Measuring exhaled nitric oxide can guide the treatment of asthma ▸

The decision to titrate the dose of inhaled corticosteroids (ICS) in patients with asthma is usually based on asthma symptoms and pulmonary function tests (PFTs), but these tests are difficult to do and of uncertain accuracy. Investigators in New Zealand randomly assigned 97 patients (age range, 12 to 73 years) with persistent asthma to dose adjustment of fluticasone based on either conventional guidelines (disease symptoms and PFTs) or measurement of exhaled nitric oxide. Exhaled nitric oxide reflects bronchial-wall inflammation, airway hyper-responsiveness, and induced-sputum eosinophilia.

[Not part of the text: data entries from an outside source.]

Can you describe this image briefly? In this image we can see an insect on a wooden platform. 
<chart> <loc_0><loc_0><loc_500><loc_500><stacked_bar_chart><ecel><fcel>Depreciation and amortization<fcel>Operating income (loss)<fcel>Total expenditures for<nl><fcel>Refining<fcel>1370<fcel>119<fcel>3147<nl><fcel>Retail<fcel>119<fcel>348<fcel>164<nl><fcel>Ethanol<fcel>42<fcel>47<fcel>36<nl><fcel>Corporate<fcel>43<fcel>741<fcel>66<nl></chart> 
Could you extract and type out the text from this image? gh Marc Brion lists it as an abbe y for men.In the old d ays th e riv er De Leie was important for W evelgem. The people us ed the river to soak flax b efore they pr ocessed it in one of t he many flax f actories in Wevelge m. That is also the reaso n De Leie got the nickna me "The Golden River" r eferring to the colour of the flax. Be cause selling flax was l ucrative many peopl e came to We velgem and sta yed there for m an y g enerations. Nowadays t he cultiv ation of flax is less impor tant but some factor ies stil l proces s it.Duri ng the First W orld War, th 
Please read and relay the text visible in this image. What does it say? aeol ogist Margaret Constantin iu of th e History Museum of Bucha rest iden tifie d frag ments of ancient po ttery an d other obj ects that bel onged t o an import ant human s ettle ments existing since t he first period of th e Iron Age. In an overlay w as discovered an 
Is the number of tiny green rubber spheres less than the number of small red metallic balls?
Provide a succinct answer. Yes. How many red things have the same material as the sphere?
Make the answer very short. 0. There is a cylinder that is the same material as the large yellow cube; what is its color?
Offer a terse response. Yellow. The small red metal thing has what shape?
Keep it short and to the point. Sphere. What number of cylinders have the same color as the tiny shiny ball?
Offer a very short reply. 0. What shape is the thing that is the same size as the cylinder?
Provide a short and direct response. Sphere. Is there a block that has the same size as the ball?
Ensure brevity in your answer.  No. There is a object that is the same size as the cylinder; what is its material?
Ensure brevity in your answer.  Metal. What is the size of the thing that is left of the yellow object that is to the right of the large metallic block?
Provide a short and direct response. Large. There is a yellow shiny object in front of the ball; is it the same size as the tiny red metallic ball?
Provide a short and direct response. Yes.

After a 3- to 12-month run-in phase to establish optimal ICS dose, patients were followed for 12 months, with visits every 2 months for adjustment of the fluticasone dose. Compared with controls, those in the nitric oxide group were receiving a significantly lower dose of ICS at the end of the study (370 μg/day vs. 641 μg/day) without compromising asthma control. There were no significant differences between the groups in nighttime waking, pulmonary function, levels of airway inflammation, or use of bronchodilators or prednisone. Although there was a 46% difference in asthma exacerbations favoring the nitric oxide group, this difference did not reach statistical significance (0.49 vs. 0.90 episodes per patient per year).

Comment ▸

Although an inexact science, titration of inhaled corticosteroids is a key component of asthma management. Exhaled nitric oxide measurements offer promise because they are accurate and easy to perform. This approach may reduce exposure to ICS and is likely the way children with asthma will be monitored in the future. Its adoption will likely be dependent upon reimbursement eligibility and more research on its use in young children.

Howard Bauchner, MD

Published in Journal Watch Pediatrics and Adolescent Medicine July 8, 2005

BNP can distinguish heart from lung disease in infants ▸

Brain natriuretic peptide (BNP) level is a good predictor of congestive heart failure (CHF) in adults, but it is unclear whether BNP level distinguishes between heart failure and respiratory disease in infants. Israeli investigators prospectively measured plasma levels of N-BNP (amino terminal fragment of BNP) in 35 infants (mean age, about 10 months) who presented with either CHF (based on clinical symptoms and echocardiography) or respiratory disease (bronchiolitis or pneumonia).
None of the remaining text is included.